Streaming Data Using Kafka Streams to Count Words

Hands-On Lab

 

Photo of Chad Crowell

Chad Crowell

DevOps Training Architect II in Content

Length

01:00:00

Difficulty

Intermediate

Kafka Streams is a library enabling you to perform per-event processing of records. You can use it to process data as soon as it arrives, versus having to wait for a batch to occur. In this hands-on lab, we use Kafka Streams to stream some input data as plain-text and process it in real-time. With this, we can count the number of words from our input stream.

What are Hands-On Labs?

Hands-On Labs are scenario-based learning environments where learners can practice without consequences. Don't compromise a system or waste money on expensive downloads. Practice real-world skills without the real-world risk, no assembly required.

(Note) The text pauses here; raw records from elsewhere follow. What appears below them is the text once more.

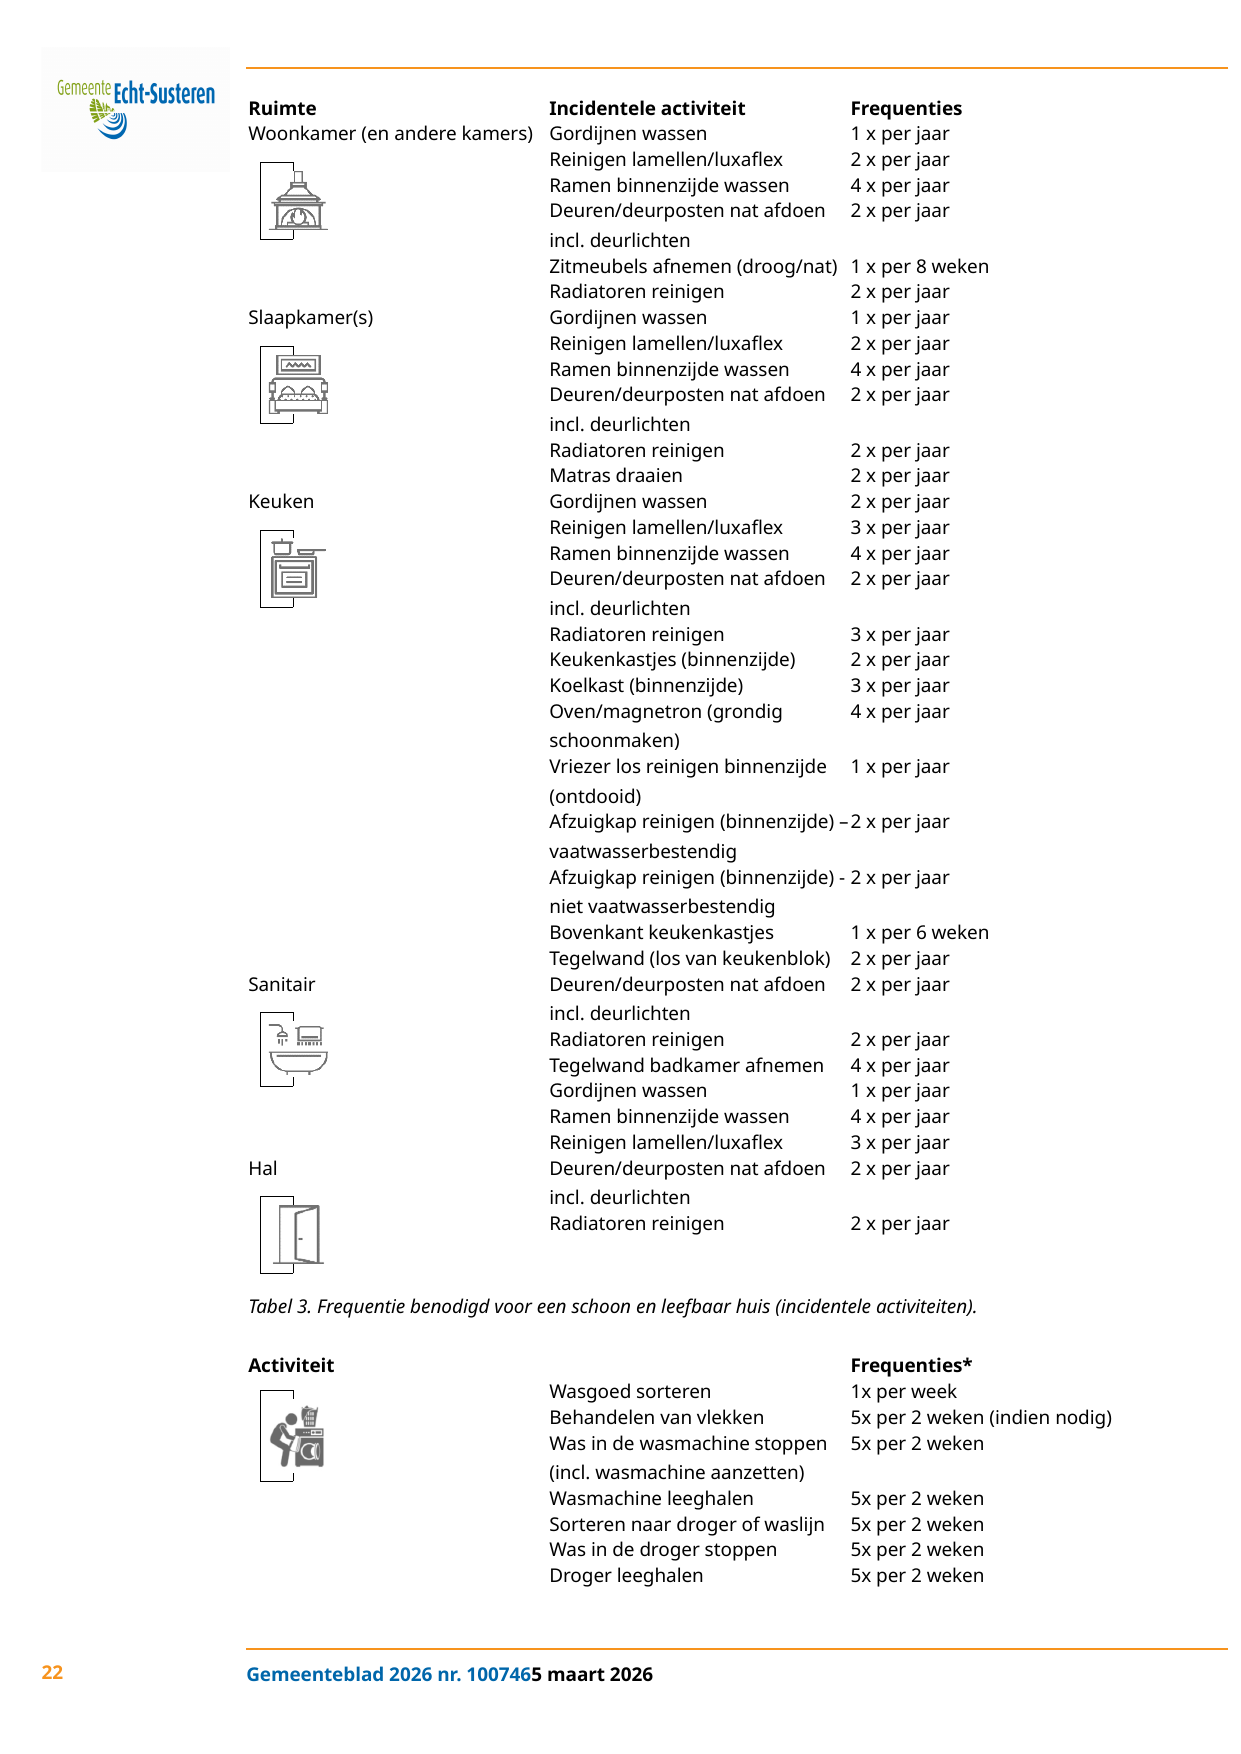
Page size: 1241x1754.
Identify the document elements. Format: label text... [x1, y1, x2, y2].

table_cell Ramen binnenzijde wassen [549, 540, 850, 566]
table_cell Sanitair [248, 971, 549, 1155]
table_cell Reinigen lamellen/luxaflex [549, 330, 850, 356]
table_cell 1 x per jaar [850, 121, 1152, 146]
table_cell 3 x per jaar [850, 673, 1152, 698]
table_cell Matras draaien [549, 463, 850, 488]
table_cell Reinigen lamellen/luxaflex [549, 514, 850, 540]
table_cell Gordijnen wassen [549, 121, 850, 146]
table_cell 2 x per jaar [850, 330, 1152, 356]
table_header Frequenties [850, 95, 1152, 121]
table_cell 4 x per jaar [850, 1103, 1152, 1129]
table_cell Gordijnen wassen [549, 489, 850, 514]
table_cell 2 x per jaar [850, 279, 1152, 304]
table_cell Tegelwand badkamer afnemen [549, 1052, 850, 1078]
table_cell Keuken [248, 489, 549, 971]
table_cell 2 x per jaar [850, 864, 1152, 919]
table_cell 2 x per jaar [850, 463, 1152, 488]
table_cell Hal [248, 1155, 549, 1290]
picture [268, 355, 328, 414]
table_cell Gordijnen wassen [549, 305, 850, 330]
table_header Incidentele activiteit [549, 95, 850, 121]
table_cell Radiatoren reinigen [549, 1210, 850, 1290]
table_cell 1 x per 8 weken [850, 253, 1152, 279]
table_cell Bovenkant keukenkastjes [549, 919, 850, 945]
picture [41, 47, 231, 172]
table_cell 3 x per jaar [850, 1129, 1152, 1155]
table_cell Tegelwand (los van keukenblok) [549, 945, 850, 971]
table_cell Deuren/deurposten nat afdoen incl. deurlichten [549, 566, 850, 621]
table_cell Reinigen lamellen/luxaflex [549, 1129, 850, 1155]
table_cell [248, 1473, 549, 1588]
text Tabel 3. Frequentie benodigd voor een schoon en leefbaar huis (incidentele activiteiten). [248, 1293, 1152, 1319]
table_header Activiteit [248, 1353, 850, 1378]
table_cell Radiatoren reinigen [549, 437, 850, 463]
table_cell [261, 1473, 293, 1481]
table_cell 2 x per jaar [850, 566, 1152, 621]
table_cell 5x per 2 weken [850, 1430, 1152, 1485]
table_header Frequenties* [850, 1353, 1152, 1378]
table_cell 1 x per jaar [850, 1078, 1152, 1103]
table_cell Ramen binnenzijde wassen [549, 356, 850, 382]
table_cell Gordijnen wassen [549, 1078, 850, 1103]
table_cell Was in de droger stoppen [549, 1537, 850, 1562]
table_cell Behandelen van vlekken [549, 1404, 850, 1430]
table_cell Zitmeubels afnemen (droog/nat) [549, 253, 850, 279]
table_cell 2 x per jaar [850, 146, 1152, 172]
table_cell 4 x per jaar [850, 698, 1152, 753]
table_cell 2 x per jaar [850, 198, 1152, 253]
table_cell 5x per 2 weken [850, 1485, 1152, 1511]
picture [268, 1399, 328, 1473]
table_cell 1 x per jaar [850, 754, 1152, 809]
table_cell 5x per 2 weken [850, 1537, 1152, 1562]
table_cell Radiatoren reinigen [549, 279, 850, 304]
table_cell Woonkamer (en andere kamers) [248, 121, 549, 304]
table_header Ruimte [248, 95, 549, 121]
table_cell Was in de wasmachine stoppen (incl. wasmachine aanzetten) [549, 1430, 850, 1485]
table_cell [261, 1391, 293, 1472]
picture [268, 1021, 328, 1077]
table_cell Deuren/deurposten nat afdoen incl. deurlichten [549, 198, 850, 253]
table_cell 2 x per jaar [850, 1155, 1152, 1210]
picture [268, 1205, 328, 1264]
table_cell Ramen binnenzijde wassen [549, 1103, 850, 1129]
table_cell Droger leeghalen [549, 1562, 850, 1588]
table_cell Afzuigkap reinigen (binnenzijde) – vaatwasserbestendig [549, 809, 850, 864]
table_cell 2 x per jaar [850, 1026, 1152, 1052]
table_cell 1x per week [850, 1378, 1152, 1404]
table_cell Wasmachine leeghalen [549, 1485, 850, 1511]
table_cell 3 x per jaar [850, 621, 1152, 647]
table_cell Slaapkamer(s) [248, 305, 549, 488]
table_cell Wasgoed sorteren [549, 1378, 850, 1404]
table_cell 2 x per jaar [850, 489, 1152, 514]
table_cell Koelkast (binnenzijde) [549, 673, 850, 698]
table_cell Keukenkastjes (binnenzijde) [549, 647, 850, 672]
table_cell 1 x per jaar [850, 305, 1152, 330]
table_cell Radiatoren reinigen [549, 1026, 850, 1052]
table_cell 2 x per jaar [850, 382, 1152, 437]
table_cell 1 x per 6 weken [850, 919, 1152, 945]
table_cell Reinigen lamellen/luxaflex [549, 146, 850, 172]
picture [268, 538, 328, 598]
table_cell Deuren/deurposten nat afdoen incl. deurlichten [549, 1155, 850, 1210]
table_cell 2 x per jaar [850, 437, 1152, 463]
table_cell 5x per 2 weken [850, 1562, 1152, 1588]
table_cell 4 x per jaar [850, 172, 1152, 198]
table_cell Radiatoren reinigen [549, 621, 850, 647]
table_cell 2 x per jaar [850, 809, 1152, 864]
table_cell Deuren/deurposten nat afdoen incl. deurlichten [549, 382, 850, 437]
table_cell Vriezer los reinigen binnenzijde (ontdooid) [549, 754, 850, 809]
table_cell Oven/magnetron (grondig schoonmaken) [549, 698, 850, 753]
table_cell 4 x per jaar [850, 356, 1152, 382]
picture [268, 171, 328, 230]
table_cell Afzuigkap reinigen (binnenzijde) - niet vaatwasserbestendig [549, 864, 850, 919]
table_cell Sorteren naar droger of waslijn [549, 1511, 850, 1537]
table_cell Ramen binnenzijde wassen [549, 172, 850, 198]
table_cell 2 x per jaar [850, 647, 1152, 672]
table_cell 4 x per jaar [850, 540, 1152, 566]
table_cell 5x per 2 weken (indien nodig) [850, 1404, 1152, 1430]
table_cell 4 x per jaar [850, 1052, 1152, 1078]
table_cell Deuren/deurposten nat afdoen incl. deurlichten [549, 971, 850, 1026]
table_cell [248, 1378, 549, 1472]
table_cell 5x per 2 weken [850, 1511, 1152, 1537]
table_cell 2 x per jaar [850, 971, 1152, 1026]
table_cell 2 x per jaar [850, 1210, 1152, 1290]
table_cell 2 x per jaar [850, 945, 1152, 971]
table_cell 3 x per jaar [850, 514, 1152, 540]

Streaming Data Using Kafka Streams to Count Words

Introduction

In this hands-on lab, we use the WordCount demo application that comes with the Kafka binaries. This application is already built, so we won't create the application from scratch. We need to create an input topic, an output topic, and then use the WordCount Streaming Application to count the number of words in the input stream using the Kafka console consumer. We do this by passing in the apprpriate properties to the console consumer to format, serialize, and deserialize the data into the correct output for viewing in the console. When we have an output of the count of each word in the console, we've successfully completed this lab.

Solution

  1. Begin by logging in to the lab server using the credentials provided on the hands-on lab page.

    ssh cloud_user@PUBLIC_IP_ADDRESS

Set Up the Environment

  1. Transfer to the content-kafka-deep-dive directory.

    cd content-kafka-deep-dive/
  2. Build the Kafka Cluster

    docker-compose up -d --build
  3. Return to your home directory and expand the Kafka file.

    cd
    
    tar -xvf kafka_2.12-2.2.0.tgz
  4. Rename the new directory.

    mv kafka_2.12-2.2.0 kafka
  5. Install Java.

    sudo apt install default-jdk
  6. Verify the version.

    java -version

Write to a Kafka Stream and Open a Kafka Console Consumer

  1. Transfer to the kafka directory.

    cd kafka/
  2. Create an input topic.

    bin/kafka-topics.sh --create --zookeeper localhost:2181 --replication-factor 1 --partitions 1 --topic streams-plaintext-input
  3. Create an output topic.

    bin/kafka-topics.sh --create --zookeeper localhost:2181 --replication-factor 1 --partitions 1 --topic streams-wordcount-output
  4. Open a Kafka console producer.

    bin/kafka-console-producer.sh --broker-list localhost:9092 --topic streams-plaintext-input
  5. Enter the following messages.

    kafka streams is great
    kafka processes messages in real time
    kafka helps real information streams
  6. Use Ctrl-C to exit the producer.

  7. Open a Kafka console consumer.

    bin/kafka-console-consumer.sh --bootstrap-server localhost:9092 
        --topic streams-wordcount-output 
        --from-beginning 
        --formatter kafka.tools.DefaultMessageFormatter 
        --property print.key=true 
        --property print.value=true 
        --property key.deserializer=org.apache.kafka.common.serialization.StringDeserializer 
        --property value.deserializer=org.apache.kafka.common.serialization.LongDeserializer

Run the WordCountDemo on the Kafka Stream

  1. Open a new terminal to the lab server.

    ssh cloud_user@PUBLIC_IP_ADDRESS
  2. Move the kafka directory and run the WordCount application.

    cd kafka
    
    bin/kafka-run-class.sh org.apache.kafka.streams.examples.wordcount.WordCountDemo
  3. Switch back to the terminal with the open Kafka consumer and verify the word counts.

Conclusion

Congratulations — you've completed this hands-on lab!